◆ **WHAT TO DO**: Search the records below for "rule" and copy every line it turns up in.

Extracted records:
§ §
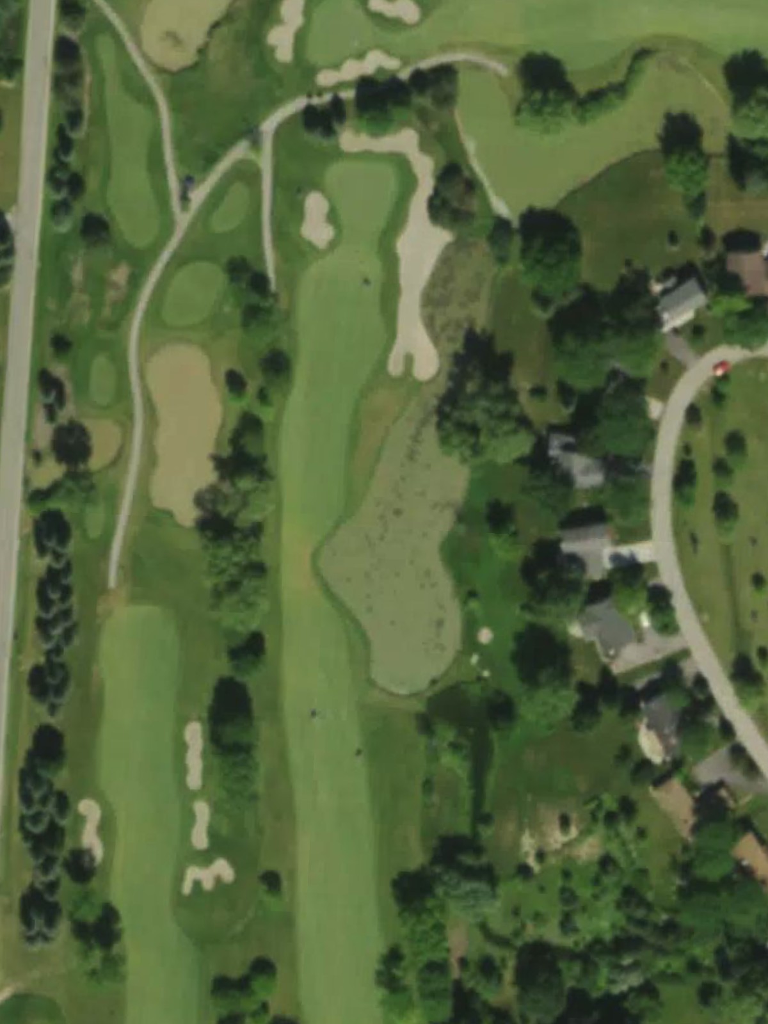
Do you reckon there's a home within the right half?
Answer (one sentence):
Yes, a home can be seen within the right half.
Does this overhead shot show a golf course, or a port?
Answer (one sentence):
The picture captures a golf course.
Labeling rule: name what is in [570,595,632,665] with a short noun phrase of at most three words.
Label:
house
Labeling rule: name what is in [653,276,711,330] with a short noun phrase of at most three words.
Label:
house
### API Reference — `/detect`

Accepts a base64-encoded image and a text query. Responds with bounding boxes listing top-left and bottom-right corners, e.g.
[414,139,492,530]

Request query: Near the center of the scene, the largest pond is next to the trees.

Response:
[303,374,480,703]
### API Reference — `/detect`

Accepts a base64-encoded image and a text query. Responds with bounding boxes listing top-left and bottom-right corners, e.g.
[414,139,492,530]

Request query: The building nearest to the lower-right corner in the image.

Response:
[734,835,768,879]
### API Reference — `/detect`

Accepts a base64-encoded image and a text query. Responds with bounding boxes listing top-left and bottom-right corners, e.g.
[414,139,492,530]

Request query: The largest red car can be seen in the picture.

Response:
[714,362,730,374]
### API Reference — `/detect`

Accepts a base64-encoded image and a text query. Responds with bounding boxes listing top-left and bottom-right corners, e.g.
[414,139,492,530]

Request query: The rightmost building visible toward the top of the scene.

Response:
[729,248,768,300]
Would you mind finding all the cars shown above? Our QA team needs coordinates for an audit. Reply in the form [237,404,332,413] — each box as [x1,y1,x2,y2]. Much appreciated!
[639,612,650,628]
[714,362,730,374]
§ §
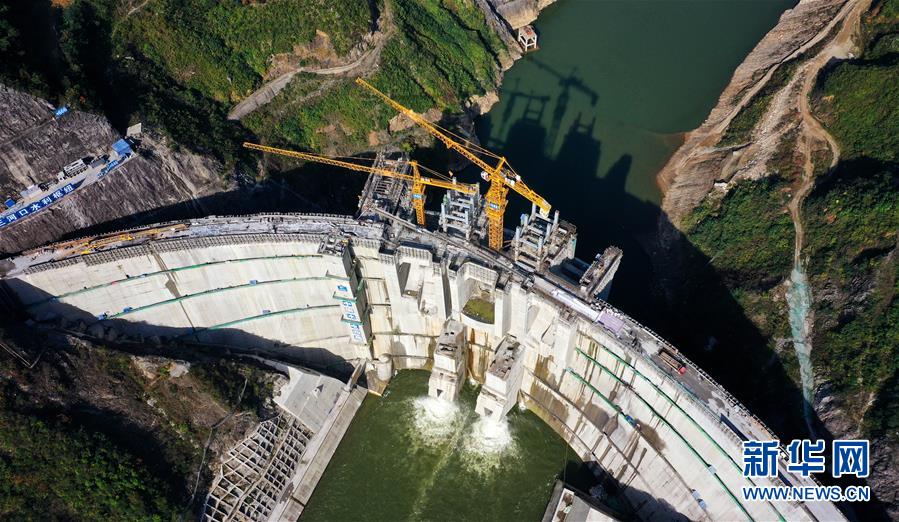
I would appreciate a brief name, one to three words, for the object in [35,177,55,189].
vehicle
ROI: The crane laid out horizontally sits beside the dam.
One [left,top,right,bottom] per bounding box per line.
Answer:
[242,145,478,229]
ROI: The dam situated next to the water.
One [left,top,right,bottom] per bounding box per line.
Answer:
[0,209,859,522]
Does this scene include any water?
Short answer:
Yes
§ §
◆ **TASK ANSWER**:
Labeling rule: name what is in [570,595,632,665] with a short noun phrase of at most three words.
Labeling rule: name what is in [653,276,711,330] with a short noun phrase of at most three words.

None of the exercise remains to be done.